What you post is exquisitely important and germane as it could be.
The Congress et al is focused on the “housing bailout” and “housing prices” and “home foreclosures”.
The fact of the matter is that if the problem was simply the face value of all those stenchy mortgages out there, the problem would have a start and an end that could be loosely quantified. But that is not the case, and that is why this problem has morphed and oozed into so many other sectors of the economy and indeed the world.
The problem is not the face value of the securitization(s) that have fictionalized the world’s financial system; it is the value of the insurance that has been written on the default of all that fictionality. Commonly called CDS = Credit Default Swaps. And I shouldn’t have to give you a more cogent example than AIG, a profitable and well run insurance company that has been turned into a black hole of unfathomable debt from the operations and activities of a 200-employee division in London. The bailout of AIG was almost entirely for the sole purpose of bailing out Goldman Sachs, the insured party on most of these default swaps. Well, at least the part that didn’t go for spa treatments (I know, that’s a satirical cheap shot)

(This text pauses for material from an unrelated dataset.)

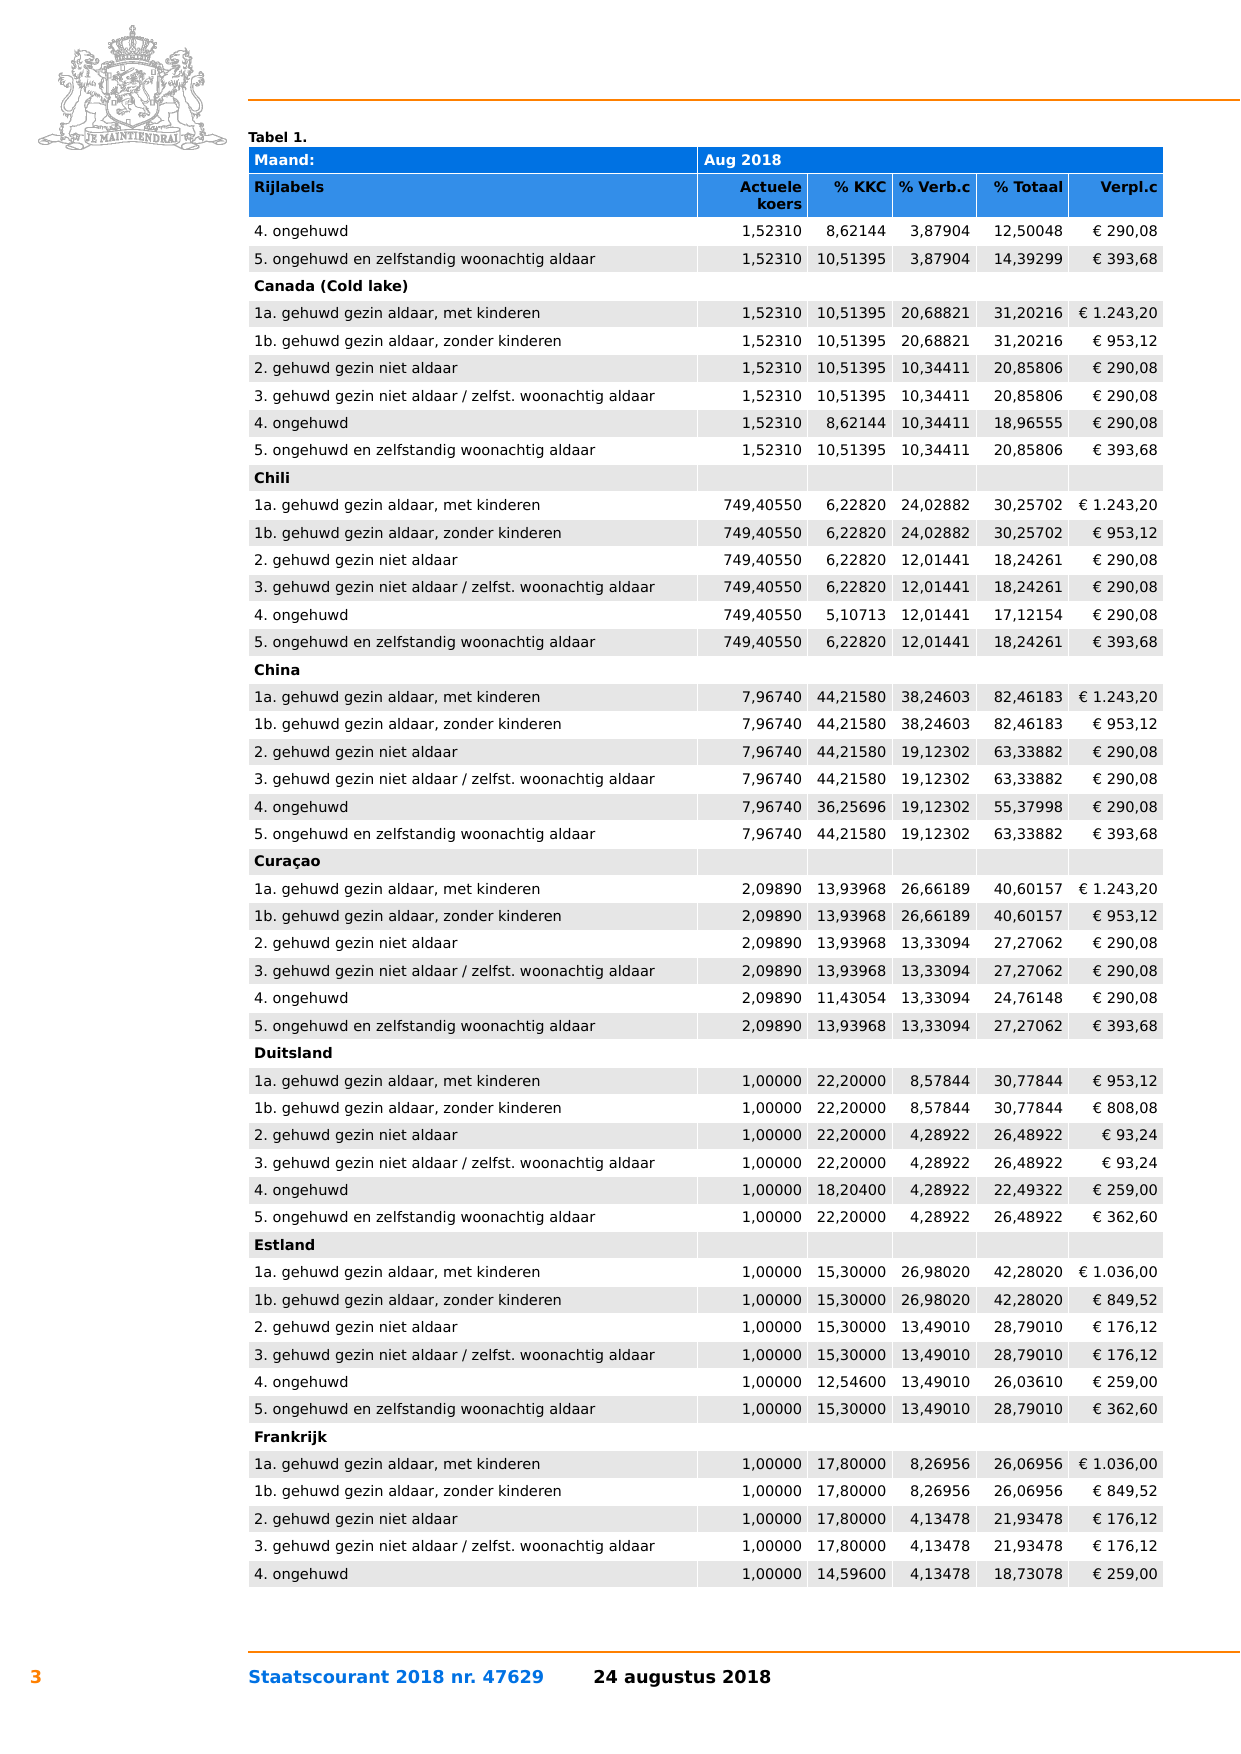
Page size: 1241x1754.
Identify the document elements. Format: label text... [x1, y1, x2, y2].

The insurance was insuring nothing more than air, there never was anything physical or tangible, nor was there any sort of contract such as loan documents, underlying these "securities". It was a mathematically-obscured Ponzi scheme.
The total amount of mortgages in default is under $300B, so the $700B bailout should have more than covered it. That it didn't is proof that CDS is the real problem.
Wrong.
Like power and water, finance should function as a utility serving the real economy. Instead, finance has grown so large that it is sucking the energy out of the real economy, destroying it.